§ **SUPPLIED DATA**:
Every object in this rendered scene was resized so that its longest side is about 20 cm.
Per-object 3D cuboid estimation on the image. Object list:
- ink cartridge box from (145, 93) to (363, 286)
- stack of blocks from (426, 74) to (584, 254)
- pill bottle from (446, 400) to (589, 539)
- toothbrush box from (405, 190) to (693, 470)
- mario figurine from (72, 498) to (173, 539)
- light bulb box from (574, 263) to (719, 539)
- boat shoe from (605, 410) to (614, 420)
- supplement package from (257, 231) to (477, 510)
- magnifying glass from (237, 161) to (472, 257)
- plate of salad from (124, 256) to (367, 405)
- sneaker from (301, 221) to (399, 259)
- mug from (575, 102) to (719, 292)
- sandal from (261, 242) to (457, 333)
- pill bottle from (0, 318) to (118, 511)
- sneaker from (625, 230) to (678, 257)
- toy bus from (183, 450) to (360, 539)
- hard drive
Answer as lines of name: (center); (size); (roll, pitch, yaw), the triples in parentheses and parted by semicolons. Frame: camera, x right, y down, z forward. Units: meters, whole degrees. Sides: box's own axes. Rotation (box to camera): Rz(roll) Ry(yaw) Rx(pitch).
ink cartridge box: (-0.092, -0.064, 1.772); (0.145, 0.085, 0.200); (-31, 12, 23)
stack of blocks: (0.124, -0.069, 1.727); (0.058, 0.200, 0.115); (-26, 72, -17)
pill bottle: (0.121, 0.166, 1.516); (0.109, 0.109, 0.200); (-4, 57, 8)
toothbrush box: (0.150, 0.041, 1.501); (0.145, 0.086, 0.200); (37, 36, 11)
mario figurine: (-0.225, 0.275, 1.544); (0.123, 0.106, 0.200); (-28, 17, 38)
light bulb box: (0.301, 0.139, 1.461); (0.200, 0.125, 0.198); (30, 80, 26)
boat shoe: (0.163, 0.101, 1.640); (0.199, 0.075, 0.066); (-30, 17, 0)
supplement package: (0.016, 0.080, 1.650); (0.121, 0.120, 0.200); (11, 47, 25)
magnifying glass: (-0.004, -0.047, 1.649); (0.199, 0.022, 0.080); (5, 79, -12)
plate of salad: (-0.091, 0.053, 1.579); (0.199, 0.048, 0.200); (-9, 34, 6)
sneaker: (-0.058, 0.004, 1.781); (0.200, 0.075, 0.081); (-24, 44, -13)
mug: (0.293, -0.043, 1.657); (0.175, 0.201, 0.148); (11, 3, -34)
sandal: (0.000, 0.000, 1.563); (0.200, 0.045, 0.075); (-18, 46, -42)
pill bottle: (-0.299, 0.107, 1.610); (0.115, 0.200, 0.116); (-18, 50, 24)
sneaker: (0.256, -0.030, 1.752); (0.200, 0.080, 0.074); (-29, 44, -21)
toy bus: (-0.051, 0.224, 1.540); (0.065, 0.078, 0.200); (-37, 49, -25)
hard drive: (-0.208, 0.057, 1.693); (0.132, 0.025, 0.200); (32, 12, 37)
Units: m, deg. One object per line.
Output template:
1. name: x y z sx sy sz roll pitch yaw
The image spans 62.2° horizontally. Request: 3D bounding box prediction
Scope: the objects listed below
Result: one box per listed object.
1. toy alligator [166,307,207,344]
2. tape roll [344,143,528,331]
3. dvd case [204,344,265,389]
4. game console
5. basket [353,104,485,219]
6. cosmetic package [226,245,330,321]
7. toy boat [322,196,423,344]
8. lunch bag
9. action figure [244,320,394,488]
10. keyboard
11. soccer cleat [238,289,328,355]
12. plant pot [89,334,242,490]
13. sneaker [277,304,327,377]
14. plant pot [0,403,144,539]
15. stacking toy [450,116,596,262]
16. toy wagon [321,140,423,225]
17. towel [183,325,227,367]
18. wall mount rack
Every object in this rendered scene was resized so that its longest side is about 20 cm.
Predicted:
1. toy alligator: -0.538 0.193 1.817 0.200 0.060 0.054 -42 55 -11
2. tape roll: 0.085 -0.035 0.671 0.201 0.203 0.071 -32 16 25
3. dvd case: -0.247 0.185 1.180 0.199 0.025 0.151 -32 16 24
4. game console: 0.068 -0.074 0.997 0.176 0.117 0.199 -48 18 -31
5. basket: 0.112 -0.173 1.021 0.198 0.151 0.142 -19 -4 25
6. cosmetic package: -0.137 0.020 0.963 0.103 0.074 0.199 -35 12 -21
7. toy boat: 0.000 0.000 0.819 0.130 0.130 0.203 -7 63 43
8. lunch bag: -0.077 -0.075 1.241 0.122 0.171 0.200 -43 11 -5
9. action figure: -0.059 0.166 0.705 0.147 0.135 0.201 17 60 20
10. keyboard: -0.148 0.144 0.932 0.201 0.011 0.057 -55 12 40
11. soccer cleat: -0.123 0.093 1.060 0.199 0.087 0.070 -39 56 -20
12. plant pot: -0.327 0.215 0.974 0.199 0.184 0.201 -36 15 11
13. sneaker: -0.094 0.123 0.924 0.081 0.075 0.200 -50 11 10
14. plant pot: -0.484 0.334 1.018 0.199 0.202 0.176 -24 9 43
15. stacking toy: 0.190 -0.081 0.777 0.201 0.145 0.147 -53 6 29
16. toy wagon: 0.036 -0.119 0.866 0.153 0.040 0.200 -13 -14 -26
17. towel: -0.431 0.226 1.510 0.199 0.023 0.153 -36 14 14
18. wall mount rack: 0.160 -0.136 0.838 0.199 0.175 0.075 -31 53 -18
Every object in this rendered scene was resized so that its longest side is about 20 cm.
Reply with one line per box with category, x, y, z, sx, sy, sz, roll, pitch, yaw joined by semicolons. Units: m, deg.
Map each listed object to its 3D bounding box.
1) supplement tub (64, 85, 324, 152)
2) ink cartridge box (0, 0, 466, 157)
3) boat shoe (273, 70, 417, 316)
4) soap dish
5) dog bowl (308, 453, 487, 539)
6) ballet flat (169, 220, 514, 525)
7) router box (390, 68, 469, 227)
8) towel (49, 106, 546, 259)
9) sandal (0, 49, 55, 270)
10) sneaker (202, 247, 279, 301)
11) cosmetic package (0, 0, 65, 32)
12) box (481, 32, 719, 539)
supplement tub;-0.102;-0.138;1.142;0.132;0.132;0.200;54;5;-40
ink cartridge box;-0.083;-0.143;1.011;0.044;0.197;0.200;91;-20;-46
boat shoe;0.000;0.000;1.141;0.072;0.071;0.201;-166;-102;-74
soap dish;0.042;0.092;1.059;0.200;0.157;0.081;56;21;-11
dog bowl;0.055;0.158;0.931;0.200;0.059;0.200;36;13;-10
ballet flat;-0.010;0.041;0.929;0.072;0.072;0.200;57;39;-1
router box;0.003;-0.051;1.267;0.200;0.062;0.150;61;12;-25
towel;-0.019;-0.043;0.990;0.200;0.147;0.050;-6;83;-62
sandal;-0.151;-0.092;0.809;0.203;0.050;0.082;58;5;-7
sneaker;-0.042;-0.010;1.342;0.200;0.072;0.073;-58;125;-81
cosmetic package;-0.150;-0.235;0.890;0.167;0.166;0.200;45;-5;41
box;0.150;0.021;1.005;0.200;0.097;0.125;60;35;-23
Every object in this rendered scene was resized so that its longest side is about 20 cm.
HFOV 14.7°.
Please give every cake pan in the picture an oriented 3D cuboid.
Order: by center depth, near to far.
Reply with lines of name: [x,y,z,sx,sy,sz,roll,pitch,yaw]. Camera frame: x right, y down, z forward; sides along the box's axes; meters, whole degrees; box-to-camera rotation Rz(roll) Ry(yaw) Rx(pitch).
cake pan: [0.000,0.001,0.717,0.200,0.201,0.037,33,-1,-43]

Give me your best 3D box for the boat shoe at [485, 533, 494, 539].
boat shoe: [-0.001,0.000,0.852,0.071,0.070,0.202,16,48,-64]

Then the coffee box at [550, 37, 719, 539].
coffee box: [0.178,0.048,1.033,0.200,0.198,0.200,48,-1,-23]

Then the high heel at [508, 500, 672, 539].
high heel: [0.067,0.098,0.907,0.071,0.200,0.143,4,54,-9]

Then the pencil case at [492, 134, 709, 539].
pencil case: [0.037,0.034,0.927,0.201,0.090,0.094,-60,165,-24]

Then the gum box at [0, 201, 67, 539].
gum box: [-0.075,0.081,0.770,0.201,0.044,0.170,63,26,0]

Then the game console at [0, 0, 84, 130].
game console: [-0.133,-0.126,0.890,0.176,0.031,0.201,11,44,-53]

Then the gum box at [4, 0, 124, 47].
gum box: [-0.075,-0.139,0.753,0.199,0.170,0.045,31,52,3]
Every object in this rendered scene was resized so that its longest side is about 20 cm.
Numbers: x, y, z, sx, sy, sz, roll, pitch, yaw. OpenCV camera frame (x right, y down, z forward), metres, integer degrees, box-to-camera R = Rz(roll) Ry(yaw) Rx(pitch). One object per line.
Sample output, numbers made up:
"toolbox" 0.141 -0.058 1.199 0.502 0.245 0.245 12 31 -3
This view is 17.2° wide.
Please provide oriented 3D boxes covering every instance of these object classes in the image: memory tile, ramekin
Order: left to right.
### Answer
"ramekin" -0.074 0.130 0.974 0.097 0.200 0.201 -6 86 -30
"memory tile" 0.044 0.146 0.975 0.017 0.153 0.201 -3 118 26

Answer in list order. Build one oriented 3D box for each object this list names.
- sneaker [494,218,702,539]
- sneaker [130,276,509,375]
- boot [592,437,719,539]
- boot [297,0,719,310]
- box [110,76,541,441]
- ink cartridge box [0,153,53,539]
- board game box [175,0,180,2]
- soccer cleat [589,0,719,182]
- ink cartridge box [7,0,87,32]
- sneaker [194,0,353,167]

§ **TRY IT**: Select and copy every line of the material that holds the string "oriented".

§ **ANSWER SECTION**:
Please give every cake pan in the picture an oriented 3D cuboid.
Please provide oriented 3D boxes covering every instance of these object classes in the image: memory tile, ramekin
Answer in list order. Build one oriented 3D box for each object this list names.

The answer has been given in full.